La oferta alimenticia de una escuela está influenciada por tradiciones locales y las condiciones socioeconómicas de las familias, pero también por la política pública. El 6 marzo pasado la Cámara de Diputados aprobó la Ley General de Alimentación Adecuada y Sostenible (LGAAS). Esta Ley, de 111 artículos, define la alimentación como un derecho humano y establece la obligación del Estado de garantizar el acceso libre, suficiente y adecuado a la comida para la población.
La Ley reconoce que la escuela es un espacio importante para la promoción y el consumo de alimentos adecuados. En este sentido, la Ley dispone una serie de acciones interinstitucionales que van desde programas de educación nutricional hasta la vinculación de la escuela con cooperativas agroecológicas locales. De esta Ley derivarán políticas públicas que moldearán la alimentación escolar. Es, entonces, necesario conocer las políticas de alimentación escolar actuales, cómo han sido implementadas en el día a día y sus limitaciones.
Política sobre el cuerpo y por la boca
No es la primera vez que la preparación, venta y consumo de comida en la Escuela Emiliano Zapata, tendrá que ajustarse a una política pública. En 2008, ante la implementación del Programa de Escuelas de Tiempo Completo (PETC), que incluía ampliar el horario escolar, cambió la dinámica para la provisión de alimentos. Como parte del PETC, las escuelas participantes debían instalar una cocina y ofrecer dos comidas durante la jornada: desayuno, entre las 10:00 y 10:30 am, y refrigerio, alrededor de la 1 pm.

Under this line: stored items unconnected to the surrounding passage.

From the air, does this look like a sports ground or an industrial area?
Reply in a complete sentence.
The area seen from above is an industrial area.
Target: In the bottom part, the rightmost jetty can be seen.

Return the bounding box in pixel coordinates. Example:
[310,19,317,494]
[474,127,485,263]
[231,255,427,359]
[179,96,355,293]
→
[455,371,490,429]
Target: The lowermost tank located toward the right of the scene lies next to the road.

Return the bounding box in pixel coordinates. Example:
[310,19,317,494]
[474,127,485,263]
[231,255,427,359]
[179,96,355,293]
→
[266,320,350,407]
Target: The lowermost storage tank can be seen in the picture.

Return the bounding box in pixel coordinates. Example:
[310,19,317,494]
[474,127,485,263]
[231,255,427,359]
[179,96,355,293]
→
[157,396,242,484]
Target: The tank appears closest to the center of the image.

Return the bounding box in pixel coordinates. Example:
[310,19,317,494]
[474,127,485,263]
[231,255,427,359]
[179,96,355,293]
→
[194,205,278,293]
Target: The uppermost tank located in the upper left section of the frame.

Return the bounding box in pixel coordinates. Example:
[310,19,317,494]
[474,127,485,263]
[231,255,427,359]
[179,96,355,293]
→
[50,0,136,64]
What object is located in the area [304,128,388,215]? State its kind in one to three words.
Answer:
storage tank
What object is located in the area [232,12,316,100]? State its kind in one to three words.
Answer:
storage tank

Con más voluntad que recursos –el financiamiento público nunca llegó–, la comunidad puso en marcha la cocina para alimentar, dos veces al día, a los poco más de 100 alumnos. Para cubrir el costo de los insumos, se estableció el cobro de una cuota de seis pesos por estudiante. La tarea de cocinar quedó en manos de grupos de madres voluntarias, doña Martha, entre ellas, quienes dedicaban un día a la semana para preparar el desayuno. Con esta forma de repartición del trabajo se pretendía reducir los costos de producción. Nunca funcionó. Para 2009, el costo del desayuno se aumentó a ocho pesos para poder también cubrir un salario diario para cuatro cocineras. La oferta de dos comidas al día no fue sostenible. Después de un par de años de intentar funcionar como una escuela de tiempo completo, la Emiliano Zapata decidió retirarse parcialmente del programa y volver a ofrecer únicamente desayunos.

Entre 2011 y 2013, la primaria Zapata participó en el pilotaje de un programa de alimentación “saludable” diseñado e implementado de manera conjunta entre la corporación transnacional de alimentos y bebidas Nestlé y la Secretaría de Educación de Veracruz (SEV). Este programa, SUMA-Nutrir, buscaba transmitir información nutricional a estudiantes, docentes, cocineras y madres de familia.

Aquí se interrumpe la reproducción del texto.